A B+ tree container for genomic intervals with multi-index support.

**Parameters**:
- `order`: Maximum branching factor (max keys per node = order - 1). Minimum 3.

**Methods**:
- `len(grove)` / `size()` / `indexed_vertex_count()`: Number of indexed intervals across all indices
- `get_order()`: Get the order (branching factor) of the tree
- `insert(index: str, interval: Interval) -> Key`: Insert an interval at the specified index
- `intersect(query: Interval) -> QueryResult`: Find overlapping intervals across all indices
- `intersect(query: Interval, index: str) -> QueryResult`: Find overlapping intervals in specific index
- `flanking(query: Interval, index: str) -> FlankingResult`: Find the nearest **non-overlapping** keys on either side of the query (predecessor / successor)

**FlankingResult** (returned by `flanking`):
- `predecessor`: the closest key entirely before the query (a `Key`), or `None`
- `successor`: the closest key entirely after the query (a `Key`), or `None`

Keys overlapping the query are excluded; for nested intervals the predecessor is
the one with the largest end (smallest gap). Compute the gap distance from the
returned key, e.g. `query.start - result.predecessor.value.end - 1` (closed
coordinates). `BedGrove`/`GffGrove` expose `flanking` too (their results' keys
carry `.data`).

**Graph overlay** (directed edges between keys):
- `add_edge(source: Key, target: Key)`: Add a directed edge (raises `ValueError` if a key is `None`)
- `remove_edge(source: Key, target: Key) -> bool`: Remove an edge; `True` if one was removed
- `has_edge(source: Key, target: Key) -> bool`: Test whether an edge exists
- `get_neighbors(source: Key) -> list[Key]`: Keys directly reachable from `source`
- `out_degree(source: Key) -> int`: Number of outgoing edges from `source`
- `edge_count() -> int`: Total number of edges in the overlay
- `vertex_count_with_edges() -> int`: Number of keys with at least one outgoing edge
- `add_external_key(interval: Interval) -> Key`: Add a key outside the index that can still participate in the graph (not returned by `intersect`)

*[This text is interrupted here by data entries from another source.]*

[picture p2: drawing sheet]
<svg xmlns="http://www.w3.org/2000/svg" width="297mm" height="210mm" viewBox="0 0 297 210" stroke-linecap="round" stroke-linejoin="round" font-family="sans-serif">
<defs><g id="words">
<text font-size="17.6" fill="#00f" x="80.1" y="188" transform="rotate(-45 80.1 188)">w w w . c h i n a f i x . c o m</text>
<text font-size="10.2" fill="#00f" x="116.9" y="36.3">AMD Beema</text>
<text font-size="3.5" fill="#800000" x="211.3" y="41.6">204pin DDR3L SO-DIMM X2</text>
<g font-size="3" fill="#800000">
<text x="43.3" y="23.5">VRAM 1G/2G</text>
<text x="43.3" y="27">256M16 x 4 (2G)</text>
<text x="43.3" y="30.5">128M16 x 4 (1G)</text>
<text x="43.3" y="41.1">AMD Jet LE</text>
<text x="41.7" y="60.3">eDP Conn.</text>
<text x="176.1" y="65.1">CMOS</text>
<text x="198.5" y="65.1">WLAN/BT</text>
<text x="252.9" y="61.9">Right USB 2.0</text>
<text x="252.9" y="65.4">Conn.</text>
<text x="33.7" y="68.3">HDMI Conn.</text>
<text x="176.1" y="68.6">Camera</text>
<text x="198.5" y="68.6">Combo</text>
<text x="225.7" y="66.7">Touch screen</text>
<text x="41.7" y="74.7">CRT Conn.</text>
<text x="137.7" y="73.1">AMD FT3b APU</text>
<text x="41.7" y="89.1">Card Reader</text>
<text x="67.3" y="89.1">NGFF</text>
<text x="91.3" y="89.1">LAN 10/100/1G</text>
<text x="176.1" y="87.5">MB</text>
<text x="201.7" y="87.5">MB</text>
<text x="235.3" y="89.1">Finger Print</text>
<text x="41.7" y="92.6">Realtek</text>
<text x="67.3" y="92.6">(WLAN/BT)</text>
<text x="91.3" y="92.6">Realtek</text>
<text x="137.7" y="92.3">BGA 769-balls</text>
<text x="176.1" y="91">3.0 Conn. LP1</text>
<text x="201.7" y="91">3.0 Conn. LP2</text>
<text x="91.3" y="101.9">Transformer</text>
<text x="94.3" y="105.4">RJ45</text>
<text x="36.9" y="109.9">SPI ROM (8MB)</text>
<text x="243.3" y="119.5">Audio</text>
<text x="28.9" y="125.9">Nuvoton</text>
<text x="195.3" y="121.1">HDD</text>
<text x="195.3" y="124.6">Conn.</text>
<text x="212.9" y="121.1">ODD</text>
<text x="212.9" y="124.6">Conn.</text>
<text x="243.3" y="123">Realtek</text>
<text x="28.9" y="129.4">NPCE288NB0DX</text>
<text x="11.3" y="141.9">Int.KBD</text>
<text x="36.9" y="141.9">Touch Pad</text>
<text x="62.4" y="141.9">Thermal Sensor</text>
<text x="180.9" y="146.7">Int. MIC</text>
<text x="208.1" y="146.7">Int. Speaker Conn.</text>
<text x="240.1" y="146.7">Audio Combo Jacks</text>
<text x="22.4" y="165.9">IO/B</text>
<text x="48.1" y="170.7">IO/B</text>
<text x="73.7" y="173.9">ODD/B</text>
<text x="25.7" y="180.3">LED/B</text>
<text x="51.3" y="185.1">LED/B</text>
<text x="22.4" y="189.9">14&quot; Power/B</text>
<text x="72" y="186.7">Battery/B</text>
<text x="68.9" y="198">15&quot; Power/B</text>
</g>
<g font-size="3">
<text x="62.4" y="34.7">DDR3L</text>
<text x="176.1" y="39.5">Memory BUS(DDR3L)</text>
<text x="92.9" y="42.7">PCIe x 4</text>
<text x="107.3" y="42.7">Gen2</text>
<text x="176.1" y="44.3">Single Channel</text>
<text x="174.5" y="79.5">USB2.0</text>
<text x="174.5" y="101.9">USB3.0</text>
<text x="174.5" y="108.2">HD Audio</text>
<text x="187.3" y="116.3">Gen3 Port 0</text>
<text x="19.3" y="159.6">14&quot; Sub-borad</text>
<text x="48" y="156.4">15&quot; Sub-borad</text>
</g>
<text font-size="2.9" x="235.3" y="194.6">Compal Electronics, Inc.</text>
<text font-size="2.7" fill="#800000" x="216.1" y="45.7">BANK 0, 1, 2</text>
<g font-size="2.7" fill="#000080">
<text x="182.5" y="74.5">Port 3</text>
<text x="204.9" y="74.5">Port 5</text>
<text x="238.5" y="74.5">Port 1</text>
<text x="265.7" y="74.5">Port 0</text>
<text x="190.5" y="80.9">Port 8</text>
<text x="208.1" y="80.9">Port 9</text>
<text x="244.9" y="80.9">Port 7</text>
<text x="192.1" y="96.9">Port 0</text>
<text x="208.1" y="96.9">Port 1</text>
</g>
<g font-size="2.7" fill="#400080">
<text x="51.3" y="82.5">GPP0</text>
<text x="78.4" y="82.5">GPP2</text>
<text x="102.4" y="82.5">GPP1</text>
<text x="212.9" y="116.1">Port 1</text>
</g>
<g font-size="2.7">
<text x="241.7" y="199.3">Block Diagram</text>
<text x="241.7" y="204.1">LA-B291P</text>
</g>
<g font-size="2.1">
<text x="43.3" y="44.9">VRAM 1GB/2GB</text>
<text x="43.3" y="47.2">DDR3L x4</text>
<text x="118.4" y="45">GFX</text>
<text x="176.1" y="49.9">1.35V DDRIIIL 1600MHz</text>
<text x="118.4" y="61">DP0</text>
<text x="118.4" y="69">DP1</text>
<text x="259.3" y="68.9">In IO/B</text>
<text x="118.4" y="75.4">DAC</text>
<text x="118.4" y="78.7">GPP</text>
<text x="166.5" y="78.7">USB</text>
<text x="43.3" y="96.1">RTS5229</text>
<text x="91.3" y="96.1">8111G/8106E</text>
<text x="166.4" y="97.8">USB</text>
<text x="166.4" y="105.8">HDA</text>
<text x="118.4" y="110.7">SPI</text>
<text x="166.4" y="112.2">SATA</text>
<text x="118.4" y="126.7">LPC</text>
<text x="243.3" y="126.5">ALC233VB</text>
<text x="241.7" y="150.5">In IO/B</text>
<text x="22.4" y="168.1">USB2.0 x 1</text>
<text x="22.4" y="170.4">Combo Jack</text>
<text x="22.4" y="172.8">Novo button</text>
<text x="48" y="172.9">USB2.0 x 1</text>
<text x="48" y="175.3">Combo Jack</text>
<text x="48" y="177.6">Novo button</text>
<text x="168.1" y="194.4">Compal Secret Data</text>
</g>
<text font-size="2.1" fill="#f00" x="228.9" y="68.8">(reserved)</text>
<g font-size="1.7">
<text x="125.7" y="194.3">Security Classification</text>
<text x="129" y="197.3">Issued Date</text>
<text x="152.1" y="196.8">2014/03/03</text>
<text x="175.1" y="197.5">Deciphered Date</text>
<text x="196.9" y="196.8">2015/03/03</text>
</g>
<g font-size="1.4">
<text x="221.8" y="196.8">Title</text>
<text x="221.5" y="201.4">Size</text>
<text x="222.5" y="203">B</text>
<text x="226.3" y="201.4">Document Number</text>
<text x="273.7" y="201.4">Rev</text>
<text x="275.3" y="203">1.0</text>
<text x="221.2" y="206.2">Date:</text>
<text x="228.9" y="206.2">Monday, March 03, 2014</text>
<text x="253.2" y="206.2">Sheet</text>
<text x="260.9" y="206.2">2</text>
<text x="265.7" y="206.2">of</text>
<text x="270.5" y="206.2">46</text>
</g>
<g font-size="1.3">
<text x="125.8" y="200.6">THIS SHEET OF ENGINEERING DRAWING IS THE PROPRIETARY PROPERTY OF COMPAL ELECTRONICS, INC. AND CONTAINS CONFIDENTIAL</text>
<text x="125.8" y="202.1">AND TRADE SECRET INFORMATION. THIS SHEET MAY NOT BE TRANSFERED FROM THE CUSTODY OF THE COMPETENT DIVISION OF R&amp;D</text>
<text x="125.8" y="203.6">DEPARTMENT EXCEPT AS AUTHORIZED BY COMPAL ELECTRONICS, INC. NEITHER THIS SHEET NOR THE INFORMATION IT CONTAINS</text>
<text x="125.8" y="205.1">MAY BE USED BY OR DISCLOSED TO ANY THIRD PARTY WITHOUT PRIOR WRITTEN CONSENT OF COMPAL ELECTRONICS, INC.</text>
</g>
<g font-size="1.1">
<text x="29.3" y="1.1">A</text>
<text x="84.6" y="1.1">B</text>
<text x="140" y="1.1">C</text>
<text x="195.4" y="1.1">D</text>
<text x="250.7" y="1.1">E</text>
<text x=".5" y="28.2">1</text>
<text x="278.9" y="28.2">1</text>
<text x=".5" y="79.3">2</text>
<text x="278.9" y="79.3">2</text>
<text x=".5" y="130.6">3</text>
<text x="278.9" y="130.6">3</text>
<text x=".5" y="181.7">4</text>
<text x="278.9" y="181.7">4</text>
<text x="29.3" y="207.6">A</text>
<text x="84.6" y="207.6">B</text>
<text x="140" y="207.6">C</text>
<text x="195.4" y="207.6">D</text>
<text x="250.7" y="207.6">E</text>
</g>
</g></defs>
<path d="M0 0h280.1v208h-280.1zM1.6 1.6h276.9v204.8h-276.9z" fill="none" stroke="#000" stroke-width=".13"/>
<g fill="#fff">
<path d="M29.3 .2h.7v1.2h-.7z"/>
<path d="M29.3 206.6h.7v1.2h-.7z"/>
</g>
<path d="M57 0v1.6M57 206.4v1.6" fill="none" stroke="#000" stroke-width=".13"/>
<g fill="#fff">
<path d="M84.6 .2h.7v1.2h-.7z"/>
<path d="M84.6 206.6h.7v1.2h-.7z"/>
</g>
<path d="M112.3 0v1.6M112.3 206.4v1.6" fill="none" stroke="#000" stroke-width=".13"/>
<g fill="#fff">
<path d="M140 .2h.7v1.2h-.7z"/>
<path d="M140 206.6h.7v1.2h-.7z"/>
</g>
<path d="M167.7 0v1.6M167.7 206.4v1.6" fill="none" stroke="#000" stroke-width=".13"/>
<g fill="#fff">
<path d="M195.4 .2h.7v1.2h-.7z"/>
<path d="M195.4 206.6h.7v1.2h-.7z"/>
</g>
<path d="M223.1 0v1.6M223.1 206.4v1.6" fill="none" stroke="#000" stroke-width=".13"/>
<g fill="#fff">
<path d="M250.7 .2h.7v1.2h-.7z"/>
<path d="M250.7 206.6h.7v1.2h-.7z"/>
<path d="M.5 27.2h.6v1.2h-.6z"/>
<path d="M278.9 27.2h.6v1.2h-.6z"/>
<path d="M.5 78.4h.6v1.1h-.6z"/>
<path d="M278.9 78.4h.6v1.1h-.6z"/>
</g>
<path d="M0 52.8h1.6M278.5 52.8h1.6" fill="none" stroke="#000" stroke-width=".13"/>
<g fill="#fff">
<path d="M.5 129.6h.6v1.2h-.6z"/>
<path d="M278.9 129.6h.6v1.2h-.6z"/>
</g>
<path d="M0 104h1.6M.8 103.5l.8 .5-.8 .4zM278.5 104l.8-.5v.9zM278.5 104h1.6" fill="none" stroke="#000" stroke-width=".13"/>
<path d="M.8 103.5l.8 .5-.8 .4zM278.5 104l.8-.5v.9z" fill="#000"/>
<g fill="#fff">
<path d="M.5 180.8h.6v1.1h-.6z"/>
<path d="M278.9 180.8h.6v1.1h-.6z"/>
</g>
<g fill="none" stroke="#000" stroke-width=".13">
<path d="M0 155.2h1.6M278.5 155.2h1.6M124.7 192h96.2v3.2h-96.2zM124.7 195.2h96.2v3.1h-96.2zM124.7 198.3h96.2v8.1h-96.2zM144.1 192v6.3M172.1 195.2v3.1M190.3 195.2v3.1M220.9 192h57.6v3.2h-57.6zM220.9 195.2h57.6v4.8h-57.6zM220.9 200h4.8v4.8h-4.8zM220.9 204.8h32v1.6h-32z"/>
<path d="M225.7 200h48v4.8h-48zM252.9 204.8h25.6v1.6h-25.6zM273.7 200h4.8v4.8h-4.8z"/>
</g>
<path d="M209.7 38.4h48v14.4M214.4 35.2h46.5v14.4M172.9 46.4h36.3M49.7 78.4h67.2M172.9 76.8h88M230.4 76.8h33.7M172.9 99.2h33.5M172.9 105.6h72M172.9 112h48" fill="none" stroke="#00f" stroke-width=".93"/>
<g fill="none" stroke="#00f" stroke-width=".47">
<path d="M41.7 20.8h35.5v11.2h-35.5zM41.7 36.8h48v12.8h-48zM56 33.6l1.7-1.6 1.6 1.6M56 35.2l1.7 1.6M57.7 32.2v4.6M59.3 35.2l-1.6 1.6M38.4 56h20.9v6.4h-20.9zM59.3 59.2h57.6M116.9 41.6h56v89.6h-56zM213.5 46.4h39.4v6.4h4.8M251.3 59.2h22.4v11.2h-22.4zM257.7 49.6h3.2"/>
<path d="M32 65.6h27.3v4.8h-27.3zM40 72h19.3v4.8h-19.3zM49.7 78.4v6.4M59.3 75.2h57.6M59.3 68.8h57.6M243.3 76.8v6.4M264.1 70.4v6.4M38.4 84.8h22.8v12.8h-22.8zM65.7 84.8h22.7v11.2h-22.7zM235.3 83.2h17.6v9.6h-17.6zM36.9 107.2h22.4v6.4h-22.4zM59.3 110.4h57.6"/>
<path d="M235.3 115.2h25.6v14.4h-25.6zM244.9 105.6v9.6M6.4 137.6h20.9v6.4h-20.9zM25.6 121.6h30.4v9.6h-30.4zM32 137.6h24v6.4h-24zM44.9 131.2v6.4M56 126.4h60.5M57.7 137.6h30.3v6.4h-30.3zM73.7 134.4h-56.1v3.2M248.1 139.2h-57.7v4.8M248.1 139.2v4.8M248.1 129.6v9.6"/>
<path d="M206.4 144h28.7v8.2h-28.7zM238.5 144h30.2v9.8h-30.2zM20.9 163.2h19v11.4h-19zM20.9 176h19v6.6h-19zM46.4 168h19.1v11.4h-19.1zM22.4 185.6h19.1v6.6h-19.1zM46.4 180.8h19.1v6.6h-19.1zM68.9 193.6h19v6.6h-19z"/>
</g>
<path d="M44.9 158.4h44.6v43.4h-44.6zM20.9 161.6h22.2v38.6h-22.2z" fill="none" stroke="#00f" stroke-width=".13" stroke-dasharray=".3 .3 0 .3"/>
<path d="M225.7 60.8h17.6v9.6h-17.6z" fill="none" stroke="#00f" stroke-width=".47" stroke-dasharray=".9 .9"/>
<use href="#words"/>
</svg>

**Serialization** (zlib-compressed `.gg` binary):
- `serialize(path: str)`: Write the grove (intervals + graph overlay) to `path`
- `deserialize(path: str) -> Grove` *(static)*: Load a grove written by `serialize`

### Key

Wrapper object for intervals stored in the grove. Returned by insert operations.

**Attributes**:
- `value`: The interval value of this key

### QueryResult

Result object containing matching intervals from a query.

**Attributes**:
- `query`: The query interval used for the search
- `keys`: List of matching keys

**Methods**:
- `__len__()`: Number of results
- `__iter__()`: Iterate over matching keys

### BedGrove (interval grove with BED data)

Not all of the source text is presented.